Brazil’s Jucilene de Lima won the javelin with a national record of 61.99m in front of 17,000 people at the Mangueirao Stadium.

The 23-year-old bettered by one centimetre the record she had shared with Sueli dos Santos since June of the previous year. Dos Santos, Brazilian record-holder since 1987, improved the national mark several times with the new and old javelin models, leaving it at 61.98m in 2000.

In temperatures reaching 34⁰C, Colombian athletes won the women’s triple jump, where Yosiri Urrutia recorded 14.24m, and the men’s 800m, where Rafith Rodriguez won in 1:45.81.

Jamaica’s former world record-holder Asafa Powell won the 100m with a season’s best of 10.02.

Berlin, August 31


Anita Wlodarczyk produced a world record hammer throw of 79.58m, surpassing the mark of 79.42m set in 2009 by local thrower Betty Heidler.

Heidler finished second in what was the latest round of the IAAF Hammer Throw Challenge with an effort of 75.20m.

Newly crowned European champion Wlodarczyk had set a previous world record of 77.96m in the Olympic stadium in winning the 2009 world title.

Having taken a first-round lead with 75.29m, the Pole set her new mark in the second round before throwing 78.46m, 79.04m, 78.64m and 77.94m – thus putting together the greatest series of all time.

“A hammer thrower getting a standing ovation, that’s crazy,” said Wlodarczyk after taking the plaudits from the 50,000 crowd.

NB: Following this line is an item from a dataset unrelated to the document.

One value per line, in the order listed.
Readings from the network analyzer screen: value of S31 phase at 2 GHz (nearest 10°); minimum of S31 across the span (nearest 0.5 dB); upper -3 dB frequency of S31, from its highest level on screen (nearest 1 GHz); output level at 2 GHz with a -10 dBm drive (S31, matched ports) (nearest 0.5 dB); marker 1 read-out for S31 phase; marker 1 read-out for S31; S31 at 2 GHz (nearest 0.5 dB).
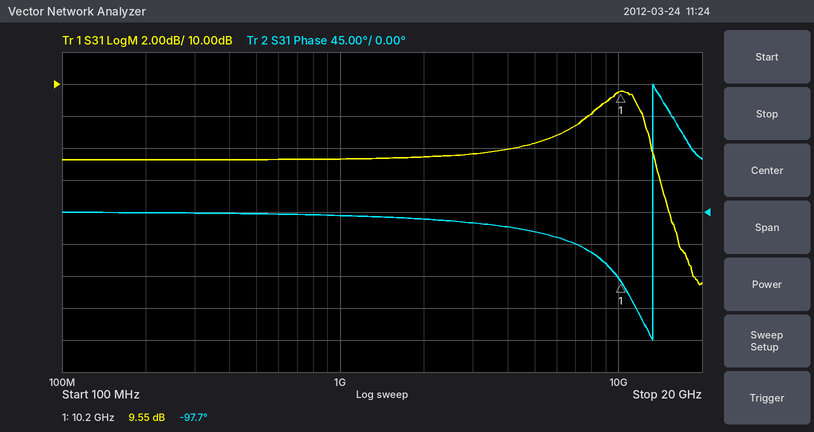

Heidler may have been disappointed, but there were wins for three other German throwers recently crowned European champions. Robert Harting won with 68.21m in what was the final discus competition for Lithuania’s former double world and Olympic champion, Virgilijus Alekna, whose retirement was marked by the playing of ‘Time to Say Goodbye’.

Double world shot put champion David Storl earned victory with 21.41m, while Christina Schwanitz won the women’s event with 19.53m.

Poland’s 2011 world champion and European silver medallist Pawel Wojciechowski won the pole vault with a season’s best of 5.80m.

Compatriot Adam Kszczot led the 800m into the home straight before Algeria’s Olympic 1500m champion Taoufik Makhloufi passed him, only to be caught by Ethiopia's world champion Mohammed Aman who won in 1:43.52, 0.01 ahead of Makhloufi’s personal best.

Zagreb, September 2


Sandra Perkovic produced a winning discus effort of 65.09m on home soil despite heavy rain – and a heavy heart.

Perkovic was competing just two days after the sudden death of her former coach and mentor Ivan Ivancic.

“I tried not to think about him,” said Perkovic of the man who helped guide her to Olympic, world and three European titles before her 25th birthday. “The hardest part was when I ran my victory lap and didn’t see him in the stands.”

Finnish veteran Tero Pitkamaki also defied the conditions with a winning javelin throw of 84.72m.

Britain’s European 400m champion Martyn Rooney defeated African champion Isaac Makwala, clocking 45.49 to the latter’s 45.60.

Rieti, September 7


Two days after clearing 2.40m and losing by three centimetres to Mutaz Essa Barshim at the Brussels IAAF Diamond League meeting, Bogdan Bondarenko got the winning feeling again in the high jump with a clearance of 2.36m.

Barshim was not among his rivals this time, but younger brother Muamar Assa Barshim was in the field, finishing joint second with Bondarenko’s Ukrainian compatriot Andriy Protsenko on 2.25m.

Kenya’s Silas Kiplagat, the world leader and the fourth-fastest man ever over 1500m, earned his third successive metric mile win on the Rieti track in 3:31.44, holding off compatriot Vincent Kibet who set a personal best 3:31.96.

In the first of two 100m races on the famously blue and superfast Rieti track, Jamaica’s Asafa Powell won with 9.90 on his return to the stadium where he set a former world record of 9.74. In the second race, US sprinter Justin Gatlin won in 9.83.

Algeria’s Olympic 1500m champion Taoufik Makhloufi held off Qatar’s Musaeeb Abdulrahaman Balla in the men’s 800m to win in 1:43.83.

In the men’s 300m, commemorating Italian sprint legend Pietro Mennea, Poland’s Karol Zalewski set a world lead, meeting record and national record with 31.93.